As cells divide, the DNA sequence inherited from parents has to be copied. This process can lead to mutations in the DNA sequence, and some of these mutations involve large segments of chromosomes that have been deleted or duplicated in the newly divided cells.

According to Devin Absher, Ph.D, faculty investigator at HudsonAlpha Institute for Biotechnology and co-author of a recent publication on aging, the number of these large mutations increases as we age. “Even more surprising,” said Absher, “the accumulation of these large mutations is much more dynamic than we anticipated. Some mutations can rise and fall in frequency in blood cells over decades within an individual.”

Very large mutations, affecting more than half a million of the 3 billion base pairs in the human genome, were only found in subjects who were older than 60, and some of these mutations affected different proportions of blood cells 10 years later. The study, published in The American Journal of Human Genetics, was led by researchers at HudsonAlpha and Uppsala University in Sweden.

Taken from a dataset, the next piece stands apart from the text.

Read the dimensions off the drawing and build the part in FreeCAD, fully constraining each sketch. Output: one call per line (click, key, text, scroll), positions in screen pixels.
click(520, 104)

Scientists examined normal blood cells from identical (monozygotic) twins in different age groups, looking for DNA sequence differences.  They also compared DNA samples taken from the same individuals many years apart.

“The cells that carry these somatic mutations,” said Absher, “may generate malignancies or immune dysfunction that would be difficult to understand by analyzing DNA taken at only one time point”.

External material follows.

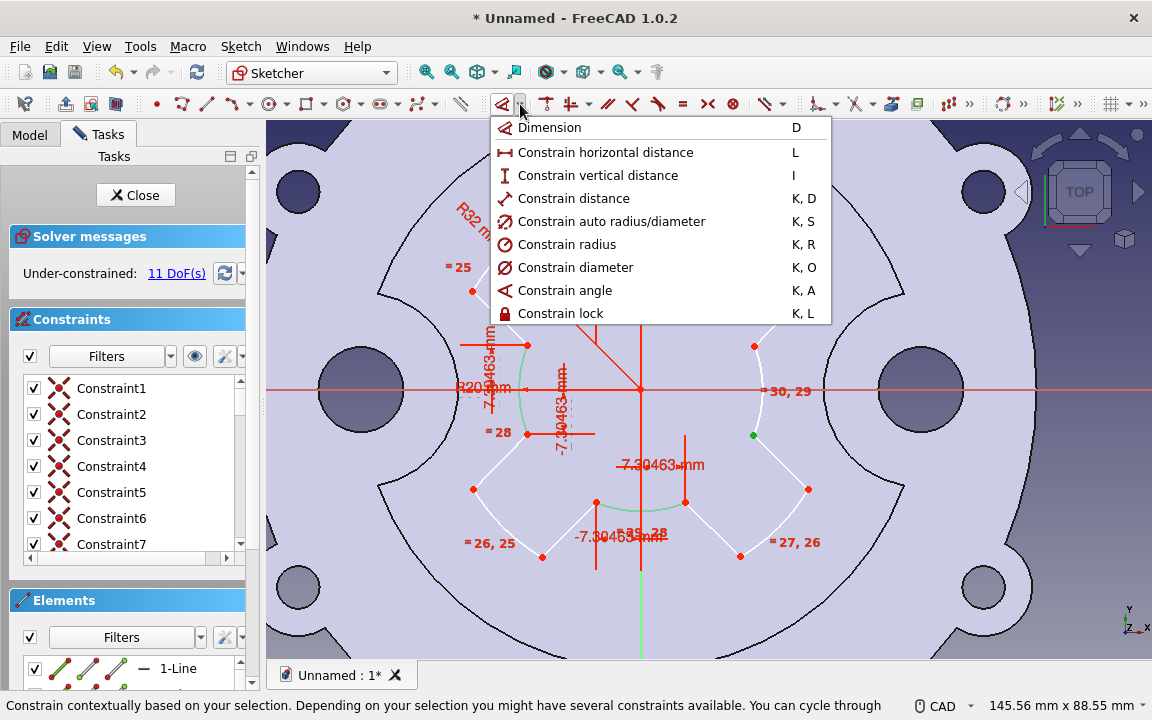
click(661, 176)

The study, with funding from the Ellison Medical Foundation, represents a collaboration between researchers at HudsonAlpha, Uppsala University, Karolinska Institute and universities in the U.S.A., Poland, the Netherlands and Norway.  Study results are published online here.

The Ellison Medical Foundation, located in Bethesda, Md., supports basic biomedical research on aging relevant to understanding lifespan development processes and age-related diseases and disabilities.